*** SUPPLIED MATERIAL Section Begins ***
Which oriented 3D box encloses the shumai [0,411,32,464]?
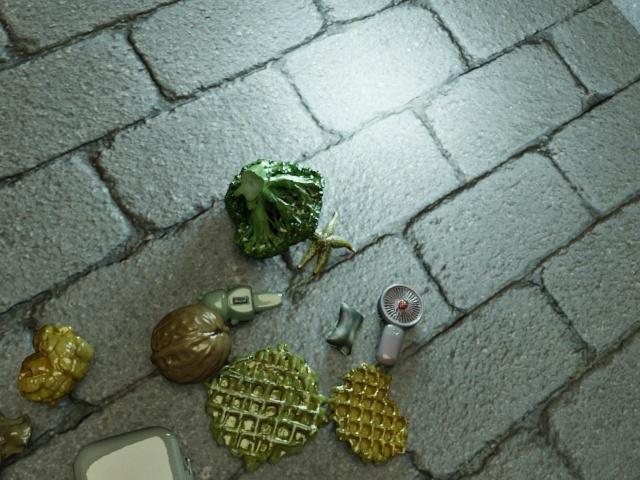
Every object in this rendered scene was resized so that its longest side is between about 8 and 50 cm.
[{"bbox_3d":[-0.755,0.470,1.568,0.153,0.161,0.209,-12,48,-40],"label":"shumai"}]

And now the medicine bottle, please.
[{"bbox_3d":[-0.426,0.637,1.575,0.283,0.123,0.374,-12,73,-15],"label":"medicine bottle"}]

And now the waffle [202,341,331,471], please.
[{"bbox_3d":[-0.137,0.423,1.752,0.317,0.073,0.297,-24,76,-21],"label":"waffle"}]

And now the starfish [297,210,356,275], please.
[{"bbox_3d":[0.000,-0.001,1.972,0.217,0.050,0.223,22,60,5],"label":"starfish"}]

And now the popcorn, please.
[{"bbox_3d":[-0.638,0.305,1.654,0.164,0.140,0.194,5,58,-2],"label":"popcorn"}]

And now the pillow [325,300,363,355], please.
[{"bbox_3d":[0.070,0.245,1.879,0.091,0.055,0.135,29,67,-3],"label":"pillow"}]

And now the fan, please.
[{"bbox_3d":[0.210,0.238,1.892,0.130,0.074,0.244,21,60,-5],"label":"fan"}]

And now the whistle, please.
[{"bbox_3d":[-0.224,0.173,1.821,0.245,0.092,0.110,-5,69,-13],"label":"whistle"}]

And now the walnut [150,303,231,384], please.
[{"bbox_3d":[-0.330,0.262,1.703,0.214,0.213,0.213,4,68,-11],"label":"walnut"}]

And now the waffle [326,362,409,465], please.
[{"bbox_3d":[0.139,0.461,1.794,0.253,0.056,0.249,47,54,1],"label":"waffle"}]

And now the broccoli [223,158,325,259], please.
[{"bbox_3d":[-0.139,-0.099,1.858,0.308,0.275,0.307,-3,79,19],"label":"broccoli"}]
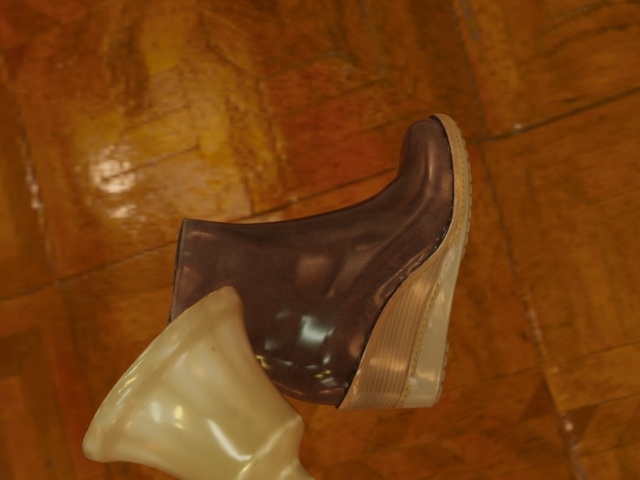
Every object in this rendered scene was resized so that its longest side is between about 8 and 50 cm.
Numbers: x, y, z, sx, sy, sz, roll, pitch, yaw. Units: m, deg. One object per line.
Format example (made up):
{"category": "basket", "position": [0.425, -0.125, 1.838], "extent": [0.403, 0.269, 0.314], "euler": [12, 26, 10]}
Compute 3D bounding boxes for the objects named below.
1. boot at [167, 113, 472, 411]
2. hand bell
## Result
{"category": "boot", "position": [0.000, 0.000, 1.147], "extent": [0.207, 0.090, 0.248], "euler": [11, 67, -8]}
{"category": "hand bell", "position": [0.001, 0.148, 0.843], "extent": [0.242, 0.126, 0.126], "euler": [39, 111, 12]}
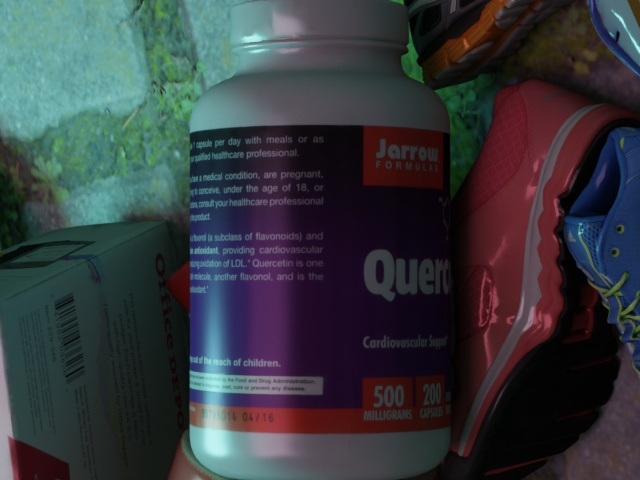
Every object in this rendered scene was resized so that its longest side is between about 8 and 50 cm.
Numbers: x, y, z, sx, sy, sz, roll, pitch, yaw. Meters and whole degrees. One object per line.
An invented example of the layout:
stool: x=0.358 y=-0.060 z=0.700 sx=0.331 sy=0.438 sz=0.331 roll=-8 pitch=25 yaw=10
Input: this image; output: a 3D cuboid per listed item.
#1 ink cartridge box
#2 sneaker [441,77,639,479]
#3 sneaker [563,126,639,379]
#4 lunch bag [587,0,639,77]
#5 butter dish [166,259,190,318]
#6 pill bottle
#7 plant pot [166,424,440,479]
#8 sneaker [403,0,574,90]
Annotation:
ink cartridge box: x=-0.225 y=0.123 z=1.610 sx=0.131 sy=0.306 sz=0.226 roll=-3 pitch=100 yaw=20
sneaker: x=0.142 y=0.030 z=1.406 sx=0.136 sy=0.116 sz=0.313 roll=39 pitch=122 yaw=44
sneaker: x=0.208 y=0.034 z=1.286 sx=0.091 sy=0.126 sz=0.240 roll=-163 pitch=80 yaw=-76
lunch bag: x=0.301 y=-0.190 z=1.164 sx=0.243 sy=0.115 sz=0.303 roll=50 pitch=132 yaw=24
butter dish: x=-0.020 y=0.039 z=1.545 sx=0.160 sy=0.118 sz=0.160 roll=41 pitch=161 yaw=-6
pill bottle: x=0.000 y=0.000 z=1.367 sx=0.181 sy=0.181 sz=0.322 roll=0 pitch=90 yaw=44
plant pot: x=-0.020 y=0.267 z=1.503 sx=0.275 sy=0.275 sz=0.243 roll=22 pitch=113 yaw=38
sneaker: x=0.125 y=-0.185 z=1.358 sx=0.215 sy=0.084 sz=0.083 roll=-38 pitch=71 yaw=44
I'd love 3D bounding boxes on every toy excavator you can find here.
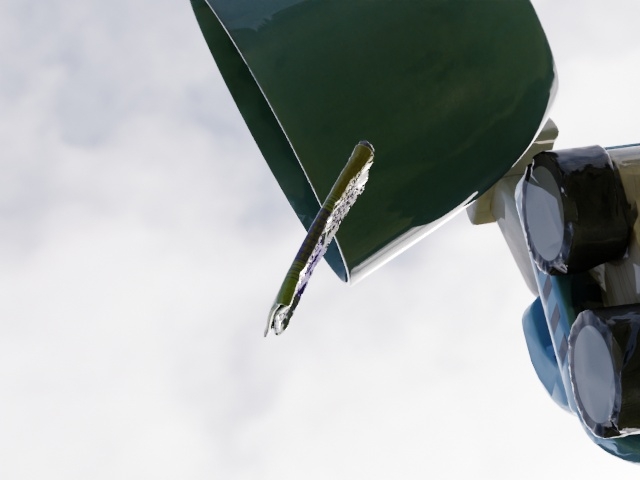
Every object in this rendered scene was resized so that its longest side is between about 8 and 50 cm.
[{"bbox_3d":[0.253,0.023,1.658,0.222,0.432,0.445,-8,-20,-15],"label":"toy excavator"}]

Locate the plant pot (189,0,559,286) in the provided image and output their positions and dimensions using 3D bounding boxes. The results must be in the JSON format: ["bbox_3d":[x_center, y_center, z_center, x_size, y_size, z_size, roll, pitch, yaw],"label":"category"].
[{"bbox_3d":[0.057,-0.142,1.508,0.235,0.293,0.293,-28,-55,-5],"label":"plant pot"}]

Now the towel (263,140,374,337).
[{"bbox_3d":[0.000,0.000,0.761,0.009,0.060,0.083,28,-110,3],"label":"towel"}]
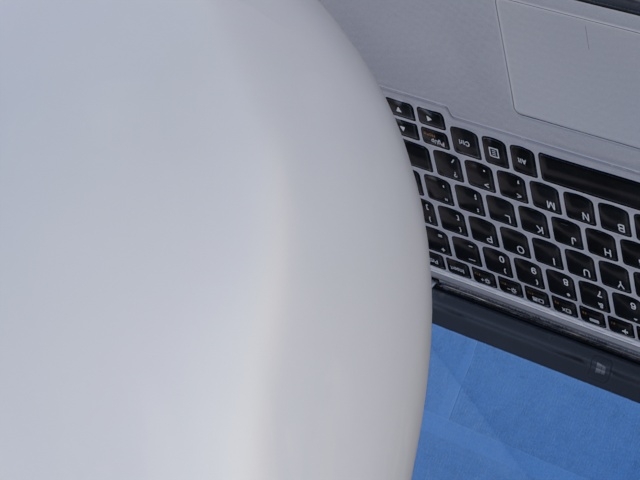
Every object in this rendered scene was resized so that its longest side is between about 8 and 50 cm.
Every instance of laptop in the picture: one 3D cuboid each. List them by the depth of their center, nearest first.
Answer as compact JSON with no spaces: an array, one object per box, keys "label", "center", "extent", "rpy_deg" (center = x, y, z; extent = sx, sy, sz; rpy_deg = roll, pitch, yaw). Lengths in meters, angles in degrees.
[{"label":"laptop","center":[0.099,0.083,1.064],"extent":[0.382,0.408,0.236],"rpy_deg":[20,50,37]}]

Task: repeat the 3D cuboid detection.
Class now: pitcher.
[{"label":"pitcher","center":[-0.047,0.048,0.464],"extent":[0.178,0.125,0.207],"rpy_deg":[-28,67,46]}]
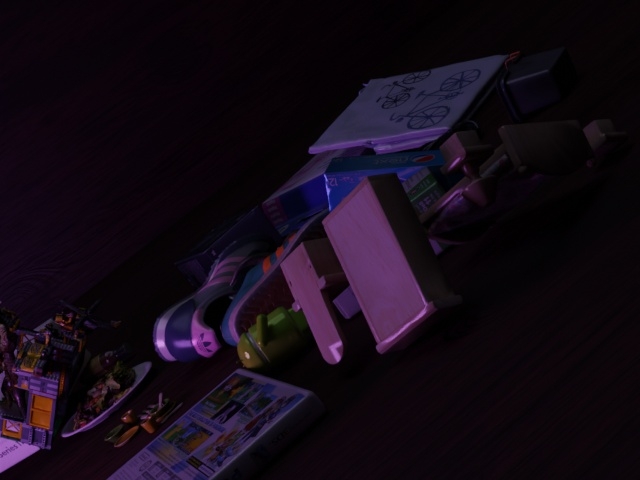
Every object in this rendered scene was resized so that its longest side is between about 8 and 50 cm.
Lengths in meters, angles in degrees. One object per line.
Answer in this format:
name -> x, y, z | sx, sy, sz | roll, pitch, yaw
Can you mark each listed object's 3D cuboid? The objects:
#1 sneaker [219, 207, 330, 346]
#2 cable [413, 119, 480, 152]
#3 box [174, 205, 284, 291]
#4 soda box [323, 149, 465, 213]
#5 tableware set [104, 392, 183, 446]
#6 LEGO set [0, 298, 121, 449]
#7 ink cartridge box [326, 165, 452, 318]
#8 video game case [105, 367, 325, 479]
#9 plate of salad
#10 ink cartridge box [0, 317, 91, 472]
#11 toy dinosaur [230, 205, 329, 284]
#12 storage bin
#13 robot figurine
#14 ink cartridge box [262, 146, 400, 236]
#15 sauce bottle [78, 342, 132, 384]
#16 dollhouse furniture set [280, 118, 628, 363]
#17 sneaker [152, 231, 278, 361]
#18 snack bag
sneaker -> -0.041, 0.045, 1.875 | 0.302, 0.108, 0.121 | -42, 16, -20
cable -> 0.199, -0.160, 2.139 | 0.150, 0.047, 0.184 | -39, 10, -10
box -> -0.181, 0.023, 2.442 | 0.156, 0.093, 0.158 | -43, 11, -28
soda box -> 0.116, -0.087, 1.808 | 0.210, 0.067, 0.071 | -4, 22, 15
tableware set -> -0.275, 0.274, 1.878 | 0.104, 0.024, 0.154 | -43, 13, -26
LEGO set -> -0.525, 0.196, 2.170 | 0.331, 0.255, 0.192 | -62, -11, -55
ink cartridge box -> 0.093, 0.001, 1.697 | 0.208, 0.087, 0.153 | -37, 10, 6
video game case -> -0.161, 0.274, 1.494 | 0.300, 0.036, 0.329 | -40, 10, -15
plate of salad -> -0.380, 0.270, 2.159 | 0.200, 0.048, 0.200 | -35, 11, 8
ink cartridge box -> -0.594, 0.327, 2.330 | 0.207, 0.119, 0.353 | -31, 21, 28
toy dinosaur -> 0.000, 0.000, 2.005 | 0.313, 0.121, 0.160 | -42, -1, -2
storage bin -> 0.353, -0.265, 2.002 | 0.091, 0.098, 0.135 | -17, 20, 33
robot figurine -> -0.063, 0.135, 1.670 | 0.115, 0.067, 0.101 | -35, -18, -1
ink cartridge box -> 0.028, -0.137, 2.528 | 0.324, 0.071, 0.330 | -24, 16, 48
sauce bottle -> -0.425, 0.242, 2.436 | 0.128, 0.042, 0.042 | -30, 13, 21
dollhouse furniture set -> 0.187, 0.013, 1.487 | 0.355, 0.174, 0.303 | -9, -23, -39
sneaker -> -0.135, 0.094, 2.041 | 0.131, 0.112, 0.319 | -5, 33, 39
snack bag -> 0.172, -0.258, 2.420 | 0.342, 0.037, 0.323 | -6, 30, 35
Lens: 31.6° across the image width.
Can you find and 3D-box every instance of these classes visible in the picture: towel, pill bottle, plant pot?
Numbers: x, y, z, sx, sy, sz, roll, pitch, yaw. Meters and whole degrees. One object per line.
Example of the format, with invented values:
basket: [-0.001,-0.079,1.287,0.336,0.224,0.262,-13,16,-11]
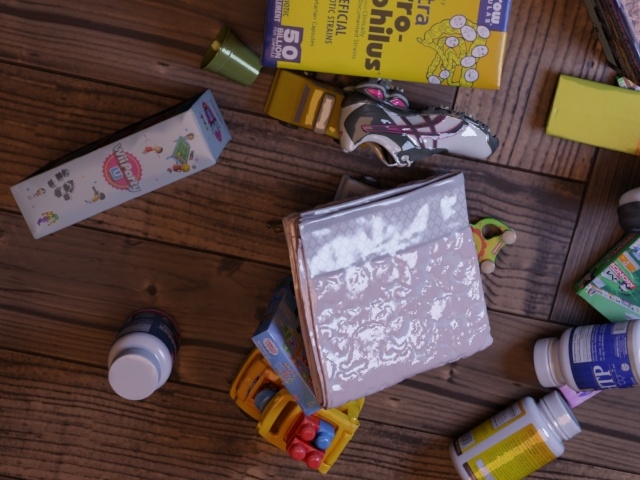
*** SUPPLIED MATERIAL Section Ends ***
**TASK TO COMPLETE:** Look above for the line with "#2 cable [413, 119, 480, 152]" and the line with "#9 plate of salad". Write out those two lines and all the lines between them, exactly, and no others.

**RESULT:**
#2 cable [413, 119, 480, 152]
#3 box [174, 205, 284, 291]
#4 soda box [323, 149, 465, 213]
#5 tableware set [104, 392, 183, 446]
#6 LEGO set [0, 298, 121, 449]
#7 ink cartridge box [326, 165, 452, 318]
#8 video game case [105, 367, 325, 479]
#9 plate of salad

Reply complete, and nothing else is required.